Fresh dire-horses could get them back to Deepwood before they needed to find lodging. But they were not headed that far out yet.
“Still going to check out that lead, Hot Shot?” Jelena asked.
From across the road, riding the other steed, Calaf nodded.
“Lead the way.” Her partner slowed her dire-horse down to follow Calaf’s lead.
Calaf looked out over the landscape. It was dark, with the moon a half-circle north and east. It would be another three hours’ ride before sharp granite outcroppings began to peek out of the idyllic, rolling hills.
Though they rode at a steady clip, Calaf was hardly paying attention to their route. There’d be a clear fork in the road before Granite Pass, that much he knew. Visions of Charlotte danced in his head. She always put on a fierce scowl, but she’d looked positively enraged as they galloped off. The year since their ill-fated betrothal severing had not been kind to the deaconess. She’d filled it with trinkets – ornate and spiky rings on her hands, that circlet on her head. Still, Calaf was glad they were well and truly done.
“That was a neat trick, other Hoss.”
So deep in thought was Calaf that he didn’t notice the compliment from his passenger.

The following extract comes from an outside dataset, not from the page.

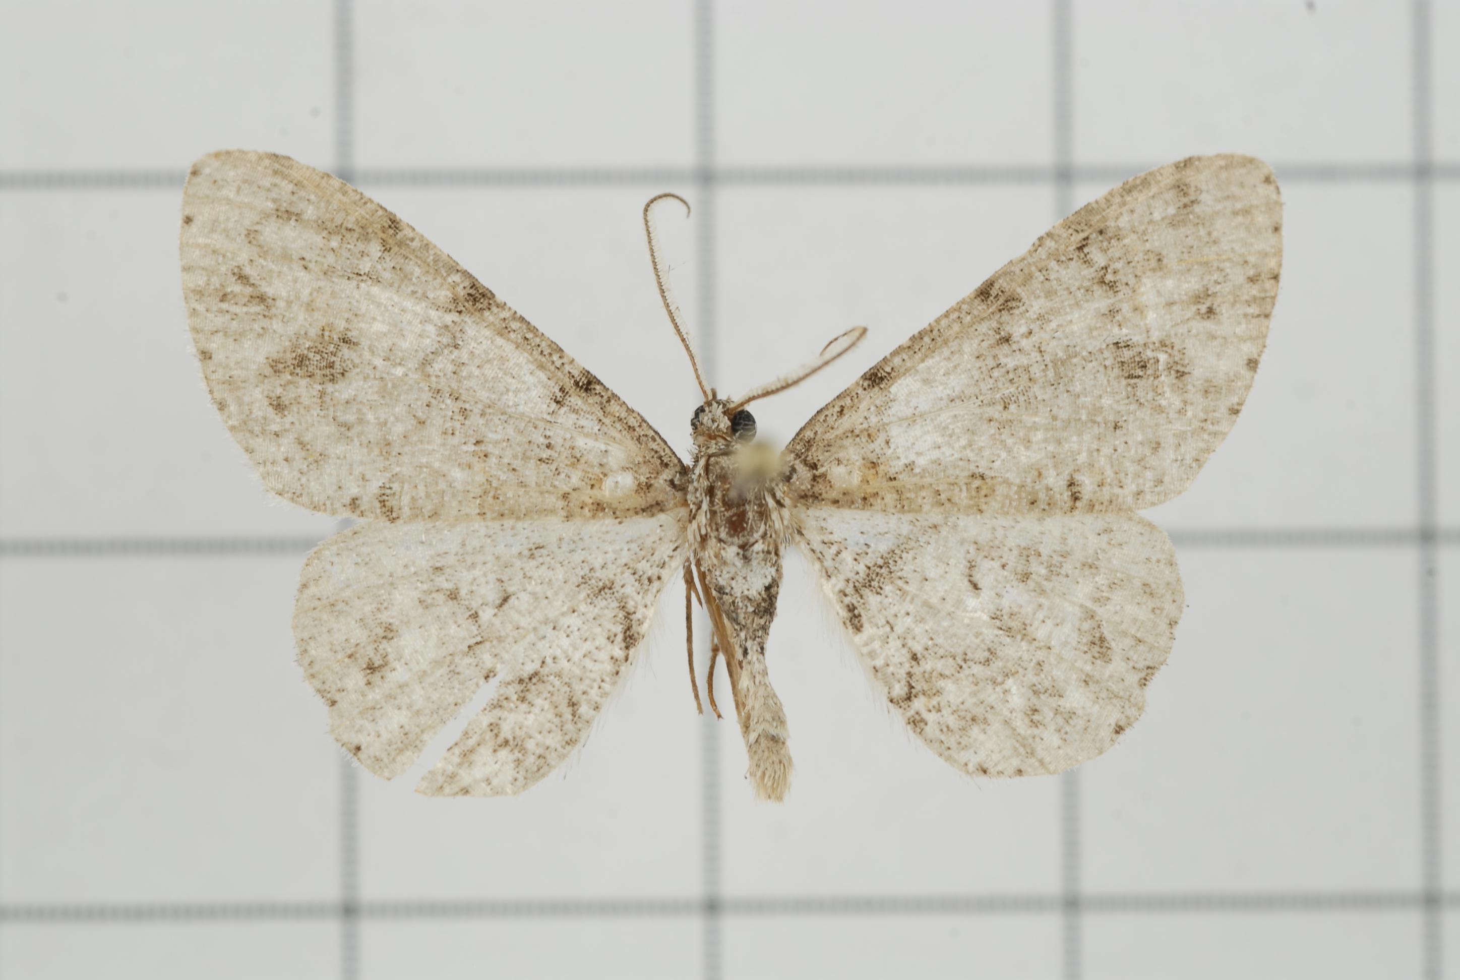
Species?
Aethalura duplicata
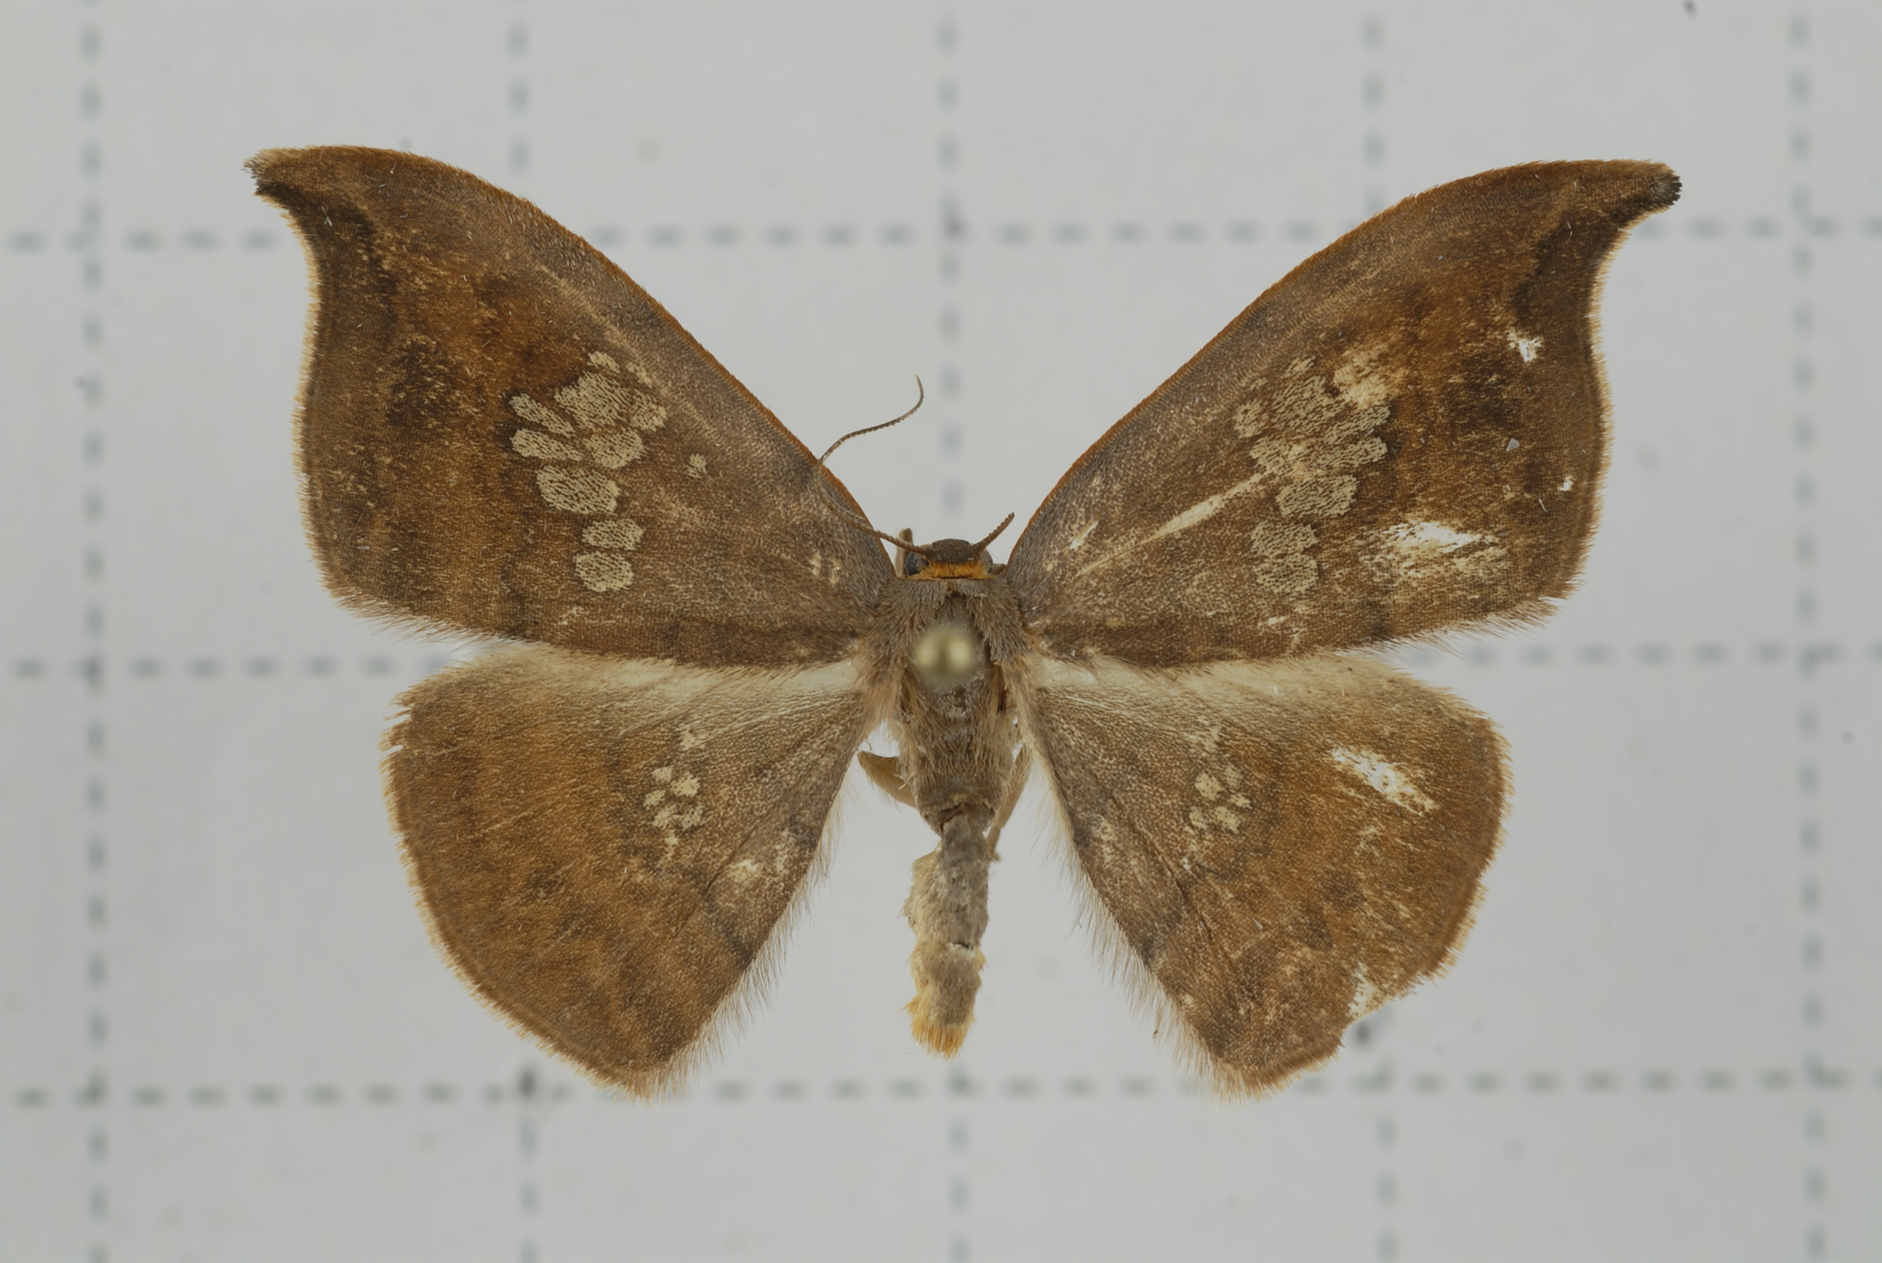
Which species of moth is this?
Agnidra scabiosa fixseni

Gorman was nowhere to be seen, oddly enough. A promotion from sewer guard duty would have seen him in the cathedral itself, yet he would have responded to the altercation at the front doors.
Either way, it would be clear to all that Calaf was running with Jelena’s posse now. He could expect a wanted poster before long.

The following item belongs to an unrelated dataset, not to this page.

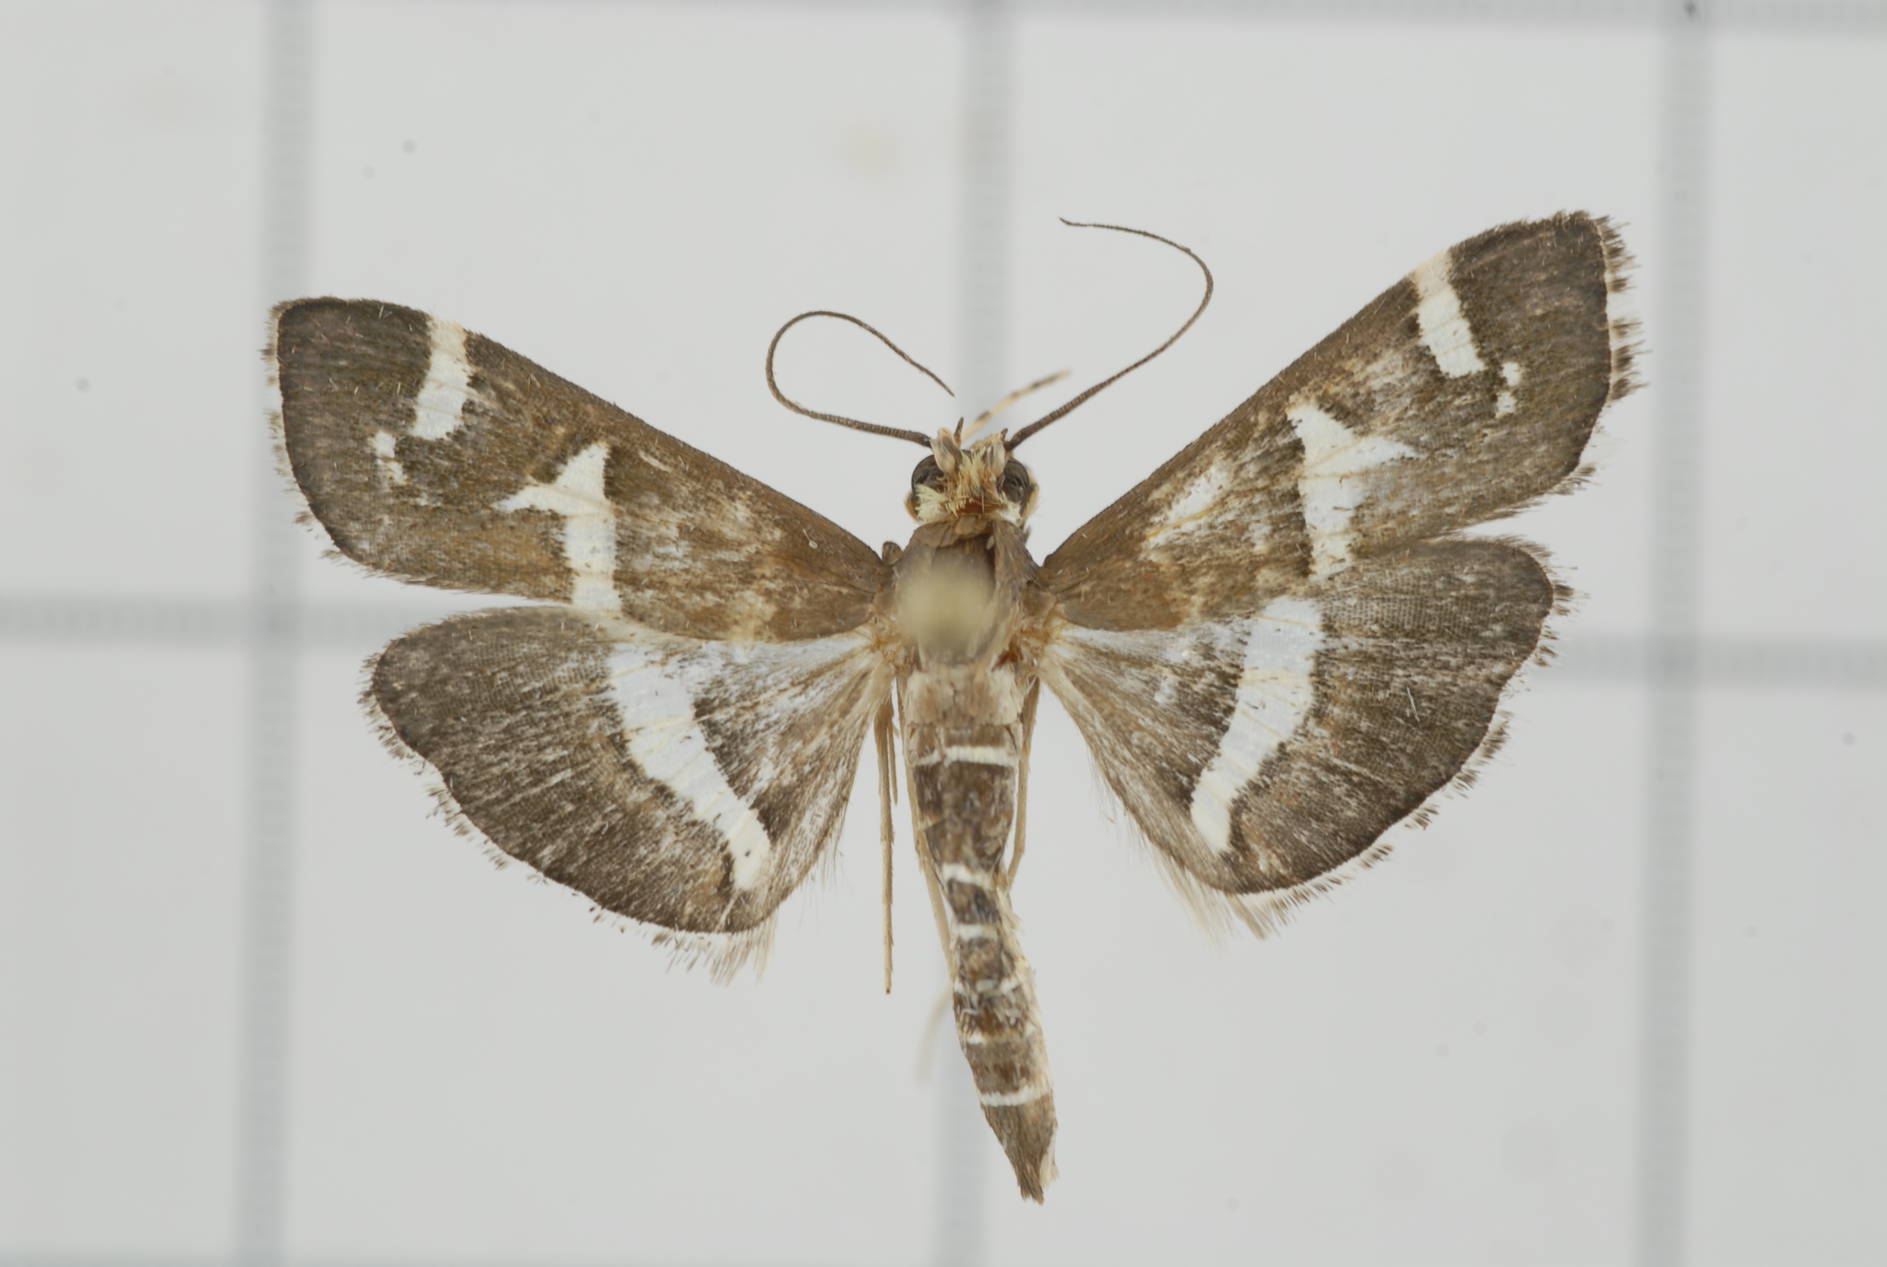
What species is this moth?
Spoladea recurvalis

“Other Hoss!” Zilara said. “About that lightning thing you did.”
Calaf shook his head. “Right. That. Yes, I planned that all along.”
The holy child chuckled. “Heh. You seem to have come across a new technique.”
“We haven’t seen anything of the sort before either!” Jelena said from two horse-lengths behind.
It made sense that deflecting lightning with a shield and weapon was a rare occurrence. Paladin-type classes seldom tanked spells while airborne, while nimbler classes like Scouts seldom took a blow. It could prove a useful skill if they came up against heavy lightning users. Perhaps there were ways to reflect fire attacks as well?
Pity about the cathedral fa?ade, though.
“Say, we haven’t checked out that dusty old tome we filched from the archives.”
Ah, stealing from the Riverglen archives. Jelena and company would make a relic thief out of Calaf yet. Still holding on to the reigns, Calaf presented the Thirdhand Tome of Latecomer Aldia out of his Inventory.
“We can always wait until camp to read it,” he said.
“Nah, got just the utility spell for this.” Zilara summoned forth a mote of light with a snap. “Put her here. I wanna read.”
“As you wish,” said the Squire.
Zilara read the tome aloud as Calaf renewed his focus on the road.
Thirdhand Tome of Latecomer Aldia
Long did Cleric Mia walk through the southern welds with wide-open space overhead. Such a strange sight was this, but a canopy helped block the boundless sky.
Three they were: grenritter (Zilara filled this in with ‘Paladin’, to another smirk from Calaf) Roland of the Fort Duran highland march; Gustavo, smuggler and cutpurse from the riverland ports, from which outlanders often hail; and of course Mia, cleric and gaol-born.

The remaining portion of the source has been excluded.